For real people commenting, please try and help me differentiate your comment by forming real sentences, include a solid opinion (dissent is fine), and preferably something paragraphy or wall-of-texty, else I seriously cannot tell apart the bots and I keep erring on the side of safety. If your comment has been eaten, I apologize, please try again.

As for gaming, I’ve been stealing game time with some casual games that we’ll get around to talking about and debatably casual Civilization 5 (the game seems to be polished and simplified to make it more beginner-friendly, and I’m playing very casually for now on the wimpy default Chieftain difficulty which just lets me spread my empire across the globe – I’m an easy fun kind of person most of the time.)

I also got around to doing more in The Secret World. Double hooray!

Unfortunately, I also discovered that when you hit 999 screenshots, TSW doesn’t let you take any more, so I lost a couple of good well-framed scenic shots. Ah well. I’ve shoved them all into another renamed folder so we can hopefully begin from zero again.

I found the Brood-Witches creating Incubators! From zombies, so I guess the Draug life cycle is slightly more complicated. The question now is, what made the zombies? The fog? The filth?

Who knows.

I’m messing around in the first zone of Egypt now, having gotten tired of trying to help fairly ungrateful trailer park Indians (or to be PC, Native Americans) with an unceasing Wendigo problem. I’m sure I’ve left some quests undone, but having completed the main storyline mission, it felt right to move on and take a break from endless fog.

Trying to avoid spoilers, but the storyline mission and subsequent events were fun. It made me want to start playing another alt in order to explore the path not taken and the choice I didn’t make. Resisting the urge so far.
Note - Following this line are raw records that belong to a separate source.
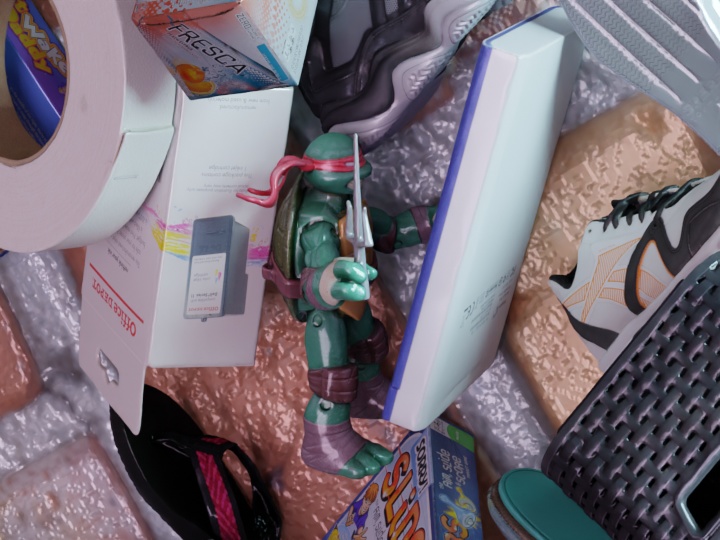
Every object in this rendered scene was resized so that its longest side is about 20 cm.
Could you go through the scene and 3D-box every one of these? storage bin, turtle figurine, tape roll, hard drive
[{"bbox_3d":[0.188,0.079,1.089,0.094,0.200,0.135,43,102,24],"label":"storage bin"},{"bbox_3d":[0.000,0.000,1.205,0.101,0.150,0.200,17,121,30],"label":"turtle figurine"},{"bbox_3d":[-0.174,-0.110,1.221,0.203,0.037,0.203,9,102,44],"label":"tape roll"},{"bbox_3d":[0.066,-0.029,1.170,0.025,0.132,0.200,20,111,15],"label":"hard drive"}]

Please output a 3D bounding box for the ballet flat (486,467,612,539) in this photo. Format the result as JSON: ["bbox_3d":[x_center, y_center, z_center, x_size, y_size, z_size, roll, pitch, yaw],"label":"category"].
[{"bbox_3d":[0.152,0.173,1.201,0.200,0.074,0.074,25,112,21],"label":"ballet flat"}]

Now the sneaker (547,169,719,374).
[{"bbox_3d":[0.150,-0.011,1.139,0.080,0.074,0.200,53,146,13],"label":"sneaker"}]

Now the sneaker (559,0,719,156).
[{"bbox_3d":[0.170,-0.115,1.136,0.200,0.071,0.073,49,126,-1],"label":"sneaker"}]

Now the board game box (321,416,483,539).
[{"bbox_3d":[0.016,0.184,1.216,0.034,0.200,0.135,29,116,-17],"label":"board game box"}]

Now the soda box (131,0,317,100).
[{"bbox_3d":[-0.054,-0.185,1.154,0.063,0.200,0.068,-5,144,25],"label":"soda box"}]

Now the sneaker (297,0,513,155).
[{"bbox_3d":[0.018,-0.159,1.190,0.114,0.075,0.200,43,118,6],"label":"sneaker"}]

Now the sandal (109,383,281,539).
[{"bbox_3d":[-0.070,0.141,1.311,0.045,0.075,0.200,-33,96,30],"label":"sandal"}]

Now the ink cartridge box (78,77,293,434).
[{"bbox_3d":[-0.100,-0.021,1.254,0.117,0.067,0.200,41,126,57],"label":"ink cartridge box"}]

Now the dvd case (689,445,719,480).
[{"bbox_3d":[0.207,0.161,1.219,0.200,0.022,0.146,-9,99,25],"label":"dvd case"}]

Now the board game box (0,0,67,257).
[{"bbox_3d":[-0.243,-0.110,1.336,0.134,0.045,0.200,-34,88,27],"label":"board game box"}]
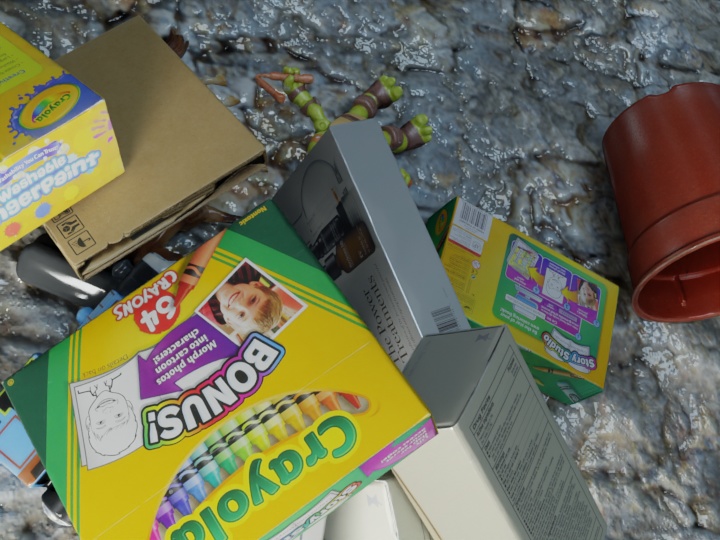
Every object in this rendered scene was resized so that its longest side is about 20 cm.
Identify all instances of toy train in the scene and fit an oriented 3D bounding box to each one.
[{"bbox_3d":[-0.165,0.076,0.643,0.114,0.087,0.200,39,81,3],"label":"toy train"}]

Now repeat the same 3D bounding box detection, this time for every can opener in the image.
[{"bbox_3d":[-0.168,0.036,0.714,0.200,0.067,0.053,27,15,-8],"label":"can opener"}]

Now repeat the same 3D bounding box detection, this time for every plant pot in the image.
[{"bbox_3d":[0.354,-0.077,0.973,0.200,0.201,0.196,4,59,-26],"label":"plant pot"}]

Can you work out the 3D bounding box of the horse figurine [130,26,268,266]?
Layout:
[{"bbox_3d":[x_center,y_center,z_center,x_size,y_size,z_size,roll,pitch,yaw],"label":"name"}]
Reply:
[{"bbox_3d":[-0.154,-0.097,0.782,0.132,0.050,0.201,-20,86,-17],"label":"horse figurine"}]

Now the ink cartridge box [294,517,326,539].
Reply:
[{"bbox_3d":[-0.072,0.166,0.632,0.067,0.117,0.201,11,86,-21],"label":"ink cartridge box"}]

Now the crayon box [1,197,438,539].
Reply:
[{"bbox_3d":[-0.084,0.082,0.552,0.200,0.058,0.173,-35,64,-6],"label":"crayon box"}]

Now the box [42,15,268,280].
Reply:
[{"bbox_3d":[-0.189,-0.103,0.709,0.163,0.021,0.200,-34,58,-15],"label":"box"}]

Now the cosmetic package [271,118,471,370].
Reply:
[{"bbox_3d":[0.000,0.000,0.765,0.052,0.151,0.201,-16,76,-31],"label":"cosmetic package"}]

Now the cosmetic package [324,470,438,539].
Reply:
[{"bbox_3d":[0.058,0.178,0.712,0.200,0.071,0.106,-11,91,-52],"label":"cosmetic package"}]

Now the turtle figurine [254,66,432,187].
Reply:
[{"bbox_3d":[0.002,-0.120,0.863,0.200,0.064,0.161,42,38,13],"label":"turtle figurine"}]

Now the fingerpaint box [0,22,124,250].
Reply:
[{"bbox_3d":[-0.297,-0.080,0.639,0.167,0.073,0.200,35,59,26],"label":"fingerpaint box"}]

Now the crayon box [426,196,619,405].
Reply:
[{"bbox_3d":[0.147,0.031,0.884,0.200,0.058,0.119,28,58,-15],"label":"crayon box"}]

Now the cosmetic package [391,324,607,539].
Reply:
[{"bbox_3d":[0.096,0.149,0.648,0.200,0.073,0.104,61,41,-22],"label":"cosmetic package"}]

The reward of looking up once in a while. A hole through which the moon is visible. Love the level design of TSW. Screenshot potential is through the roof.

(Spoiler warning about the choice I made: I went for the potentially ominous ‘moar power’ from possibly Cthulhu-like Elder gods from another dimension. Just felt right for that character. I’ll play a goody goody loyalist some other time.

And about an NPC in the main storyline whose name starts with B: I’m also convinced Beaumont is Loki from all the name and phrase-dropping he did. Hope we’ll see more of him in the future.)

By some strange quirk of timing and xp accumulation, the faction special assignment mission Rogue Agent also hit me at this time (that’s a lot of Illuminati phone calls and cross-messages from Geary and the Labyrinth and other people) and I went ahead to attempt it, even though it was labeled as Devastating. Just couldn’t bear the thought of all that xp in Egypt not contributing to faction rank.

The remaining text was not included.